Reflection-Window Decoding: Text Generation with Selective Refinement

Authors: Zeyu Tang, Zhenhao Chen, Xiangchen Song, Loka Li, Yunlong Deng, Yifan Shen, Guangyi Chen, Peter Spirtes, Kun Zhang

ICML 2025 | Venue PDF | Archive PDF | Plain Text | LLM Run Details

Reproducibility Variable Result LLM Response
Research Type Experimental Our extensive experimental results demonstrate the effectiveness of our approach. Through extensive empirical evaluations, our approach demonstrates significant improvement over existing decoding approaches, and maintains performance comparable or superior to beam search while being more efficient.

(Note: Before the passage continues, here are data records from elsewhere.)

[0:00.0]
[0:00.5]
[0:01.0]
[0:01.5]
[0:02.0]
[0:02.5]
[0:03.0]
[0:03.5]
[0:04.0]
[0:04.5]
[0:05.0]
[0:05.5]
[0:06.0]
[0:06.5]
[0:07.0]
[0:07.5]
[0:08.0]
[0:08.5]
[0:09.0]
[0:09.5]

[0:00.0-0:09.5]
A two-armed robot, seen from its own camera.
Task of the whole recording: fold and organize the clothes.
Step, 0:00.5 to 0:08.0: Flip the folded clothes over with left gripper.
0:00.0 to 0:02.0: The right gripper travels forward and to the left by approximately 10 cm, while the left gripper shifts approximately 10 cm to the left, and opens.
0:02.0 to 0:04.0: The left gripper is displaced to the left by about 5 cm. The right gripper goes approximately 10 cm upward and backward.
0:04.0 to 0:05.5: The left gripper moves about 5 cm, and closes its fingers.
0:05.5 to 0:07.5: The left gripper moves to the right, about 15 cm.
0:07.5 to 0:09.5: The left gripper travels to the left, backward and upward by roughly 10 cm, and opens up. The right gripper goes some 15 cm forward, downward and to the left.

Researcher Affiliation Academia 1Carnegie Mellon University 2Mohamed bin Zayed University of Artificial Intelligence. Correspondence to: Zeyu Tang <EMAIL>, Zhenhao Chen <EMAIL>.

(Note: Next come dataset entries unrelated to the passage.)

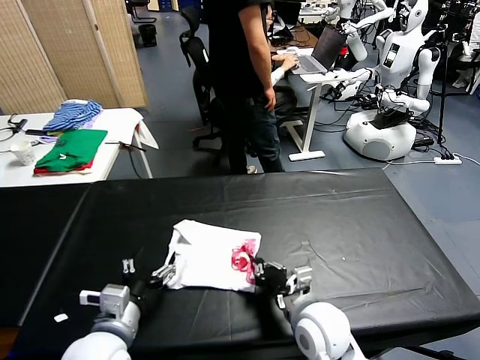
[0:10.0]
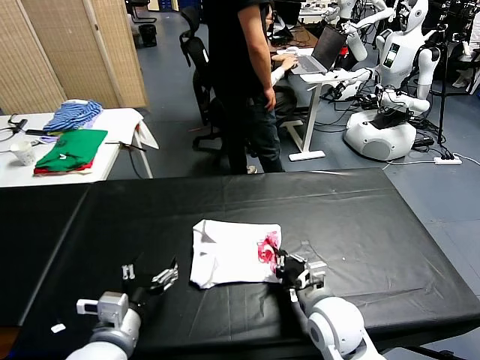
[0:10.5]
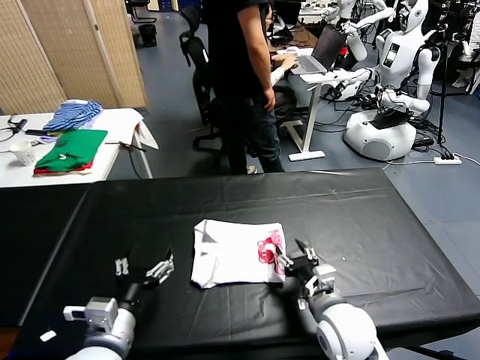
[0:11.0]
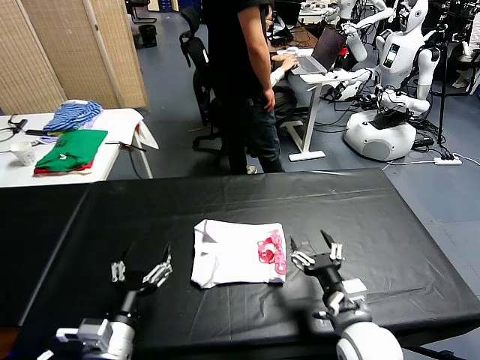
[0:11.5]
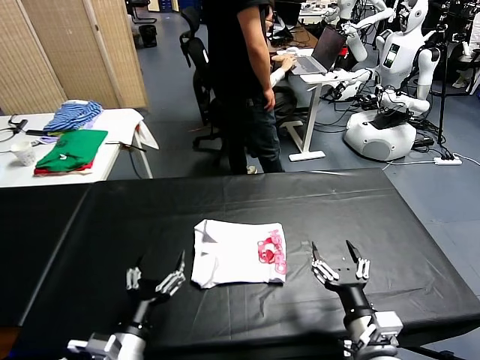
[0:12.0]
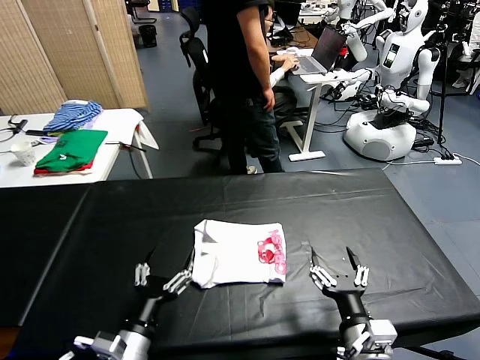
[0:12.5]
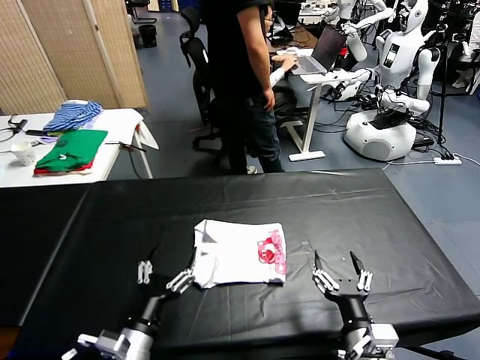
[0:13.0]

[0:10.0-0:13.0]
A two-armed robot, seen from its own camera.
Task of the whole recording: fold and organize the clothes.
0:10.0 to 0:11.5: The right gripper moves to the right, about 5 cm, and opens up.
0:11.5 to 0:13.0: The right gripper is displaced backward by roughly 10 cm.

Pseudocode Yes We present the pseudocode of our reflection-window decoding approach in Algorithm 1.
Open Source Code No The paper does not provide concrete access to source code. There are no explicit statements about code release or links to repositories for the methodology described.

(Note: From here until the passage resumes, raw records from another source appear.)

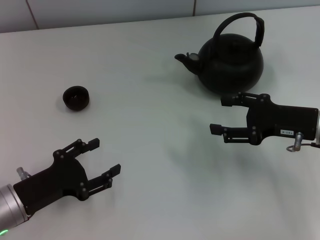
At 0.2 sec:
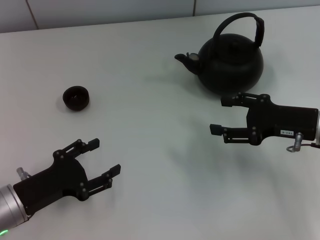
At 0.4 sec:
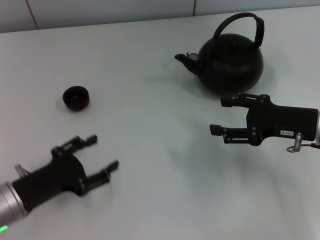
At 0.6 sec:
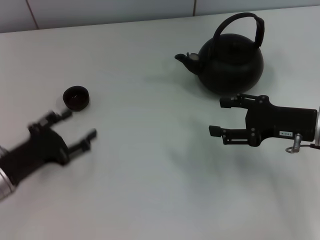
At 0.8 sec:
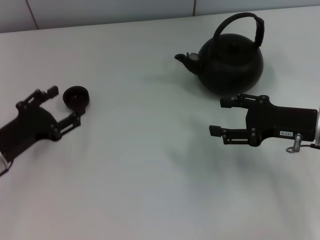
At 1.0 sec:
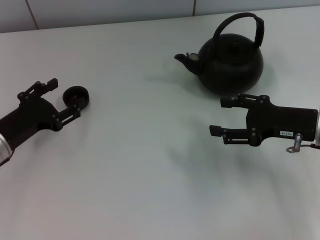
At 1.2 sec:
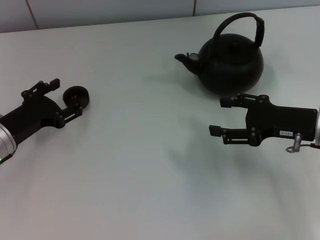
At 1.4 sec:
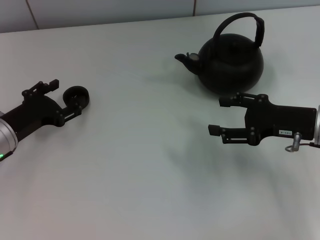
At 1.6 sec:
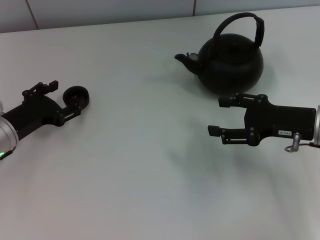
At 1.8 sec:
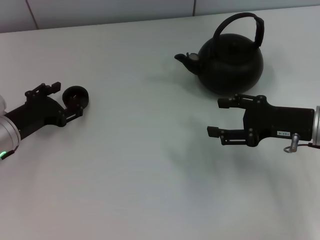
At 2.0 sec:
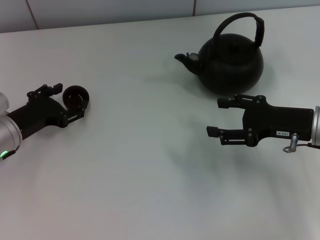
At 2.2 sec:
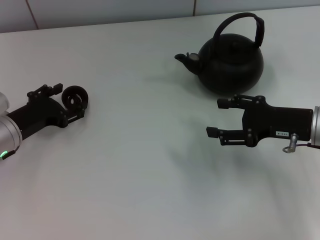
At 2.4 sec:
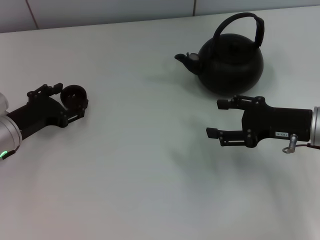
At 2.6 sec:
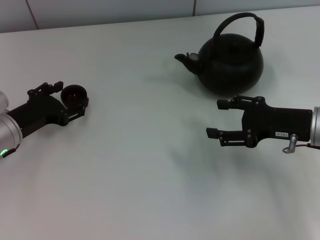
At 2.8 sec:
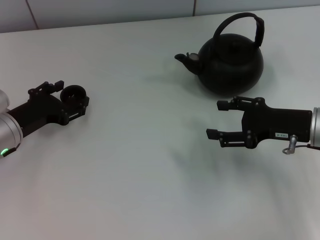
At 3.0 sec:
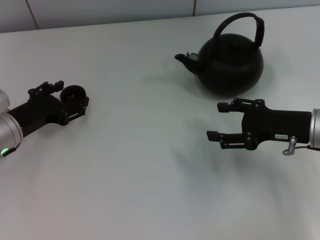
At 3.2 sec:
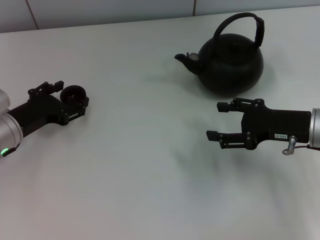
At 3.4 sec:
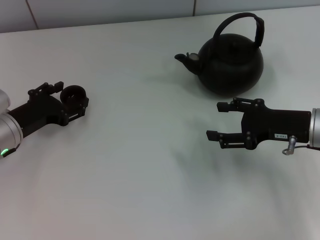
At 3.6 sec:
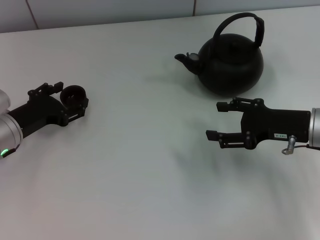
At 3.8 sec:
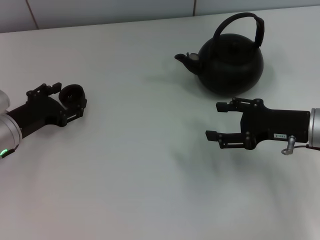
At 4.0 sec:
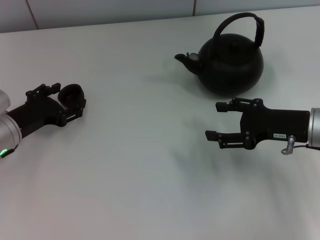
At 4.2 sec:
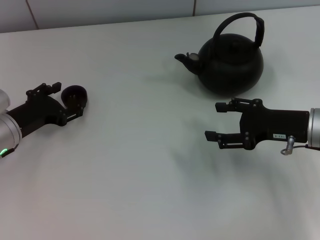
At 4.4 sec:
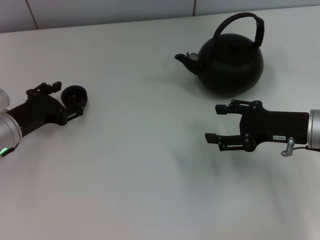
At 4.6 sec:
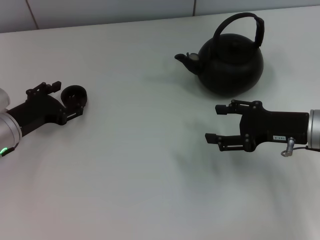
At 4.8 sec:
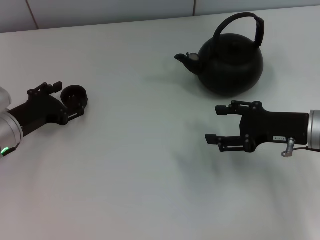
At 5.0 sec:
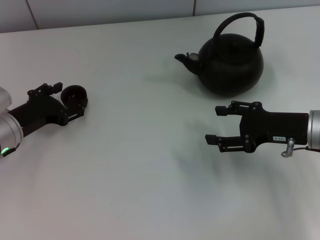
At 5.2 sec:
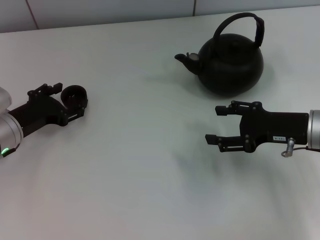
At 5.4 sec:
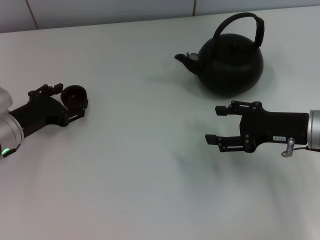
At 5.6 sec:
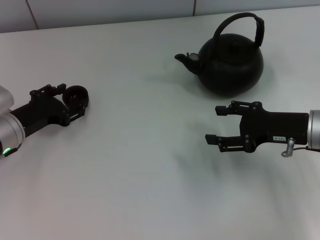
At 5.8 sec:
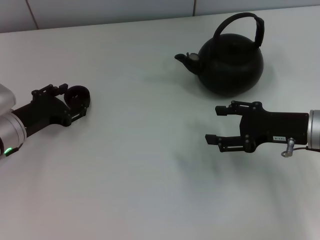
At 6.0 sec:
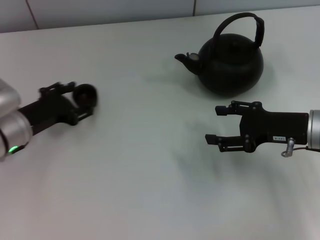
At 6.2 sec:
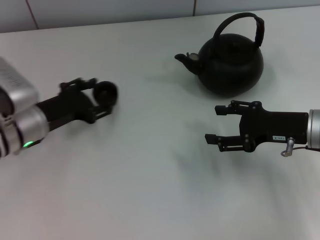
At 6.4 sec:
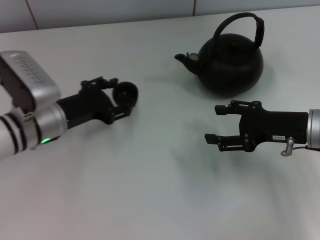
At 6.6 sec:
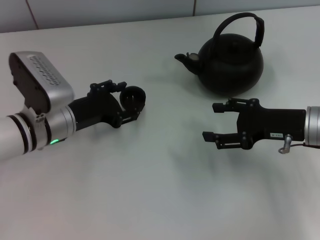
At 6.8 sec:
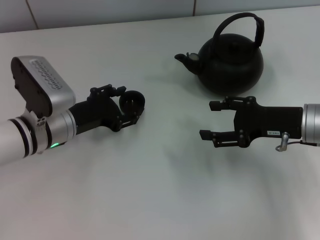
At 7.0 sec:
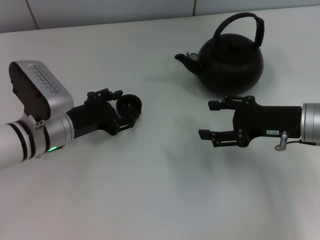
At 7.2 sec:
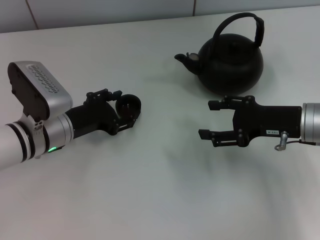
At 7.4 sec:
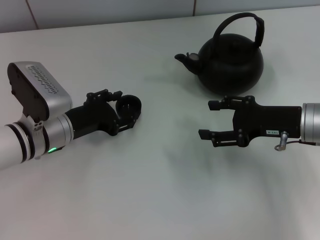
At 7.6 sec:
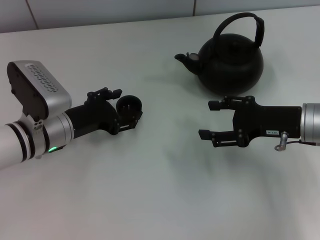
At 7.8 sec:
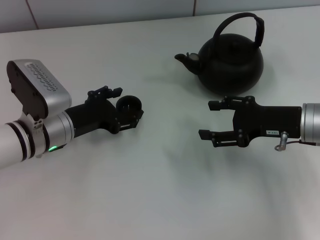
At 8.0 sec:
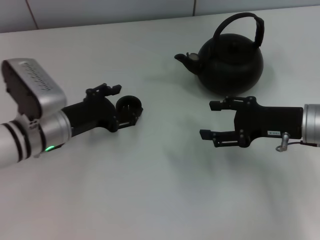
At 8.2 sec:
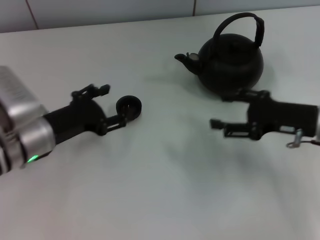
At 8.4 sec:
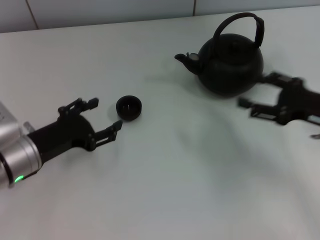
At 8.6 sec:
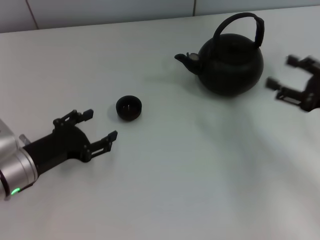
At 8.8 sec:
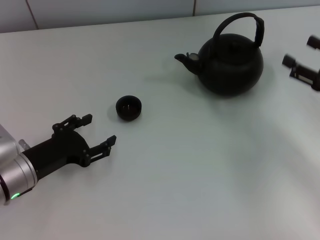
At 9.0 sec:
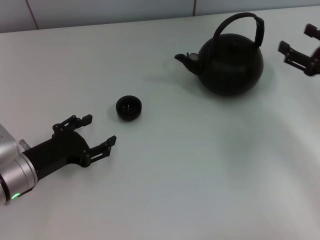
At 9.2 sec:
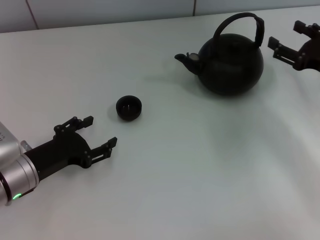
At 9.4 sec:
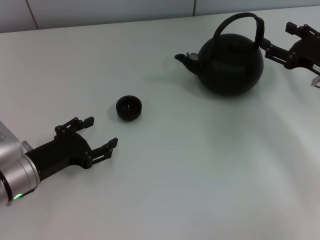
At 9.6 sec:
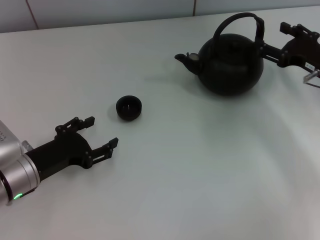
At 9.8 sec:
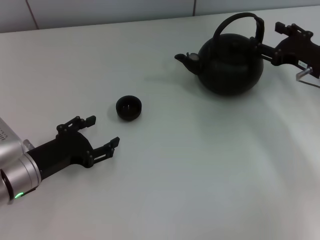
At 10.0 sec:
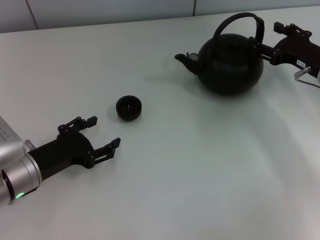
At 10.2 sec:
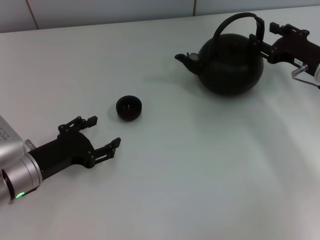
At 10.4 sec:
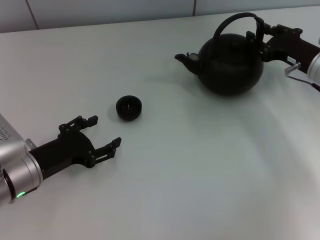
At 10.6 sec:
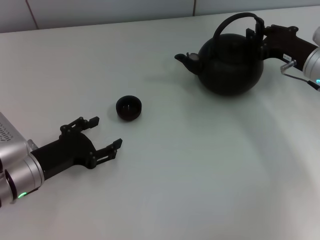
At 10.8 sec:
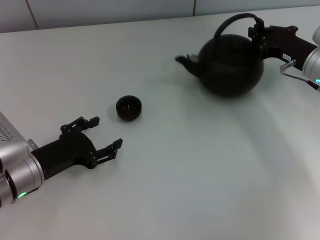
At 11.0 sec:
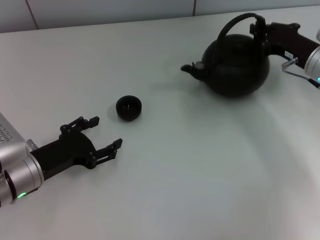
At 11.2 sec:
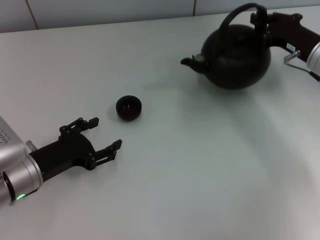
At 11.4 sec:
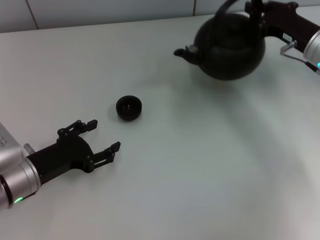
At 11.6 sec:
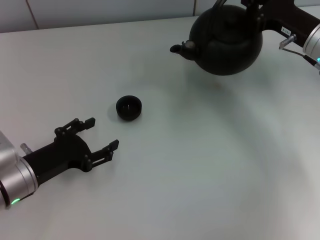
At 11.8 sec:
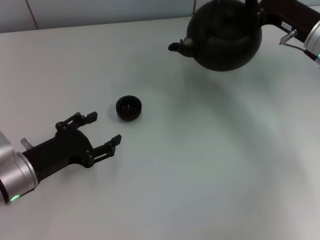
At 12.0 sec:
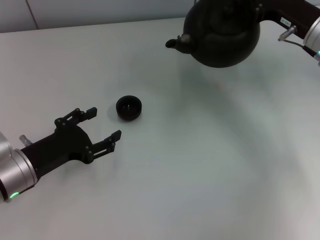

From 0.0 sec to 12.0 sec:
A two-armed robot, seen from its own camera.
Task of the whole recording: Grasp the handle of the teapot with one hand and pour tea into the teacup.
Step, from 0.0 sec to 6.2 sec: Pick up the teacup with the left gripper.
Step, from 6.4 sec to 8.4 sec: Place the teacup in the center of view with the left gripper.
Step, from 8.6 sec to 11.6 sec: Pick up the teapot with the right gripper.
From 0.0 sec to 1.6 sec: The left gripper goes roughly 10 cm forward.
From 1.6 sec to 4.4 sec: Neither gripper changes place.
From 4.4 sec to 6.0 sec: The left gripper closes.
From 6.0 sec to 7.6 sec: The left gripper is displaced to the right by some 5 cm, and opens up.
From 7.6 sec to 9.0 sec: The left gripper shifts some 10 cm backward and to the left. The right gripper moves to the right, about 10 cm.
From 9.0 sec to 10.4 sec: The right gripper is displaced forward by some 5 cm.
From 10.4 sec to 12.0 sec: The right gripper heads upward, covering approximately 5 cm, and closes up.

Open Datasets Yes Our experiments are conducted on MMLU (Hendrycks et al., 2020) and MT-Bench (Zheng et al., 2023).
Dataset Splits No The paper evaluates models on MMLU (Hendrycks et al., 2020) and MT-Bench (Zheng et al., 2023). While these are benchmarks, the paper does not specify custom training/validation/test splits for the experiments described, instead relying on the structure of these evaluation datasets.
Hardware Specification No The paper does not provide specific hardware details such as GPU models, CPU types, or cloud computing resources used for running the experiments.
Software Dependencies No The paper does not provide specific ancillary software details with version numbers (e.g., library or solver names with version numbers) needed to replicate the experiment.
Experiment Setup Yes We use an entropy threshold of σ = 0.5 and a window size of d = 4 in reflection-window decoding. In these experiments, we set k = 10, p = 0.9, and temperature as 1.0 for both our approach and the baseline Top-k/Top-p sampling.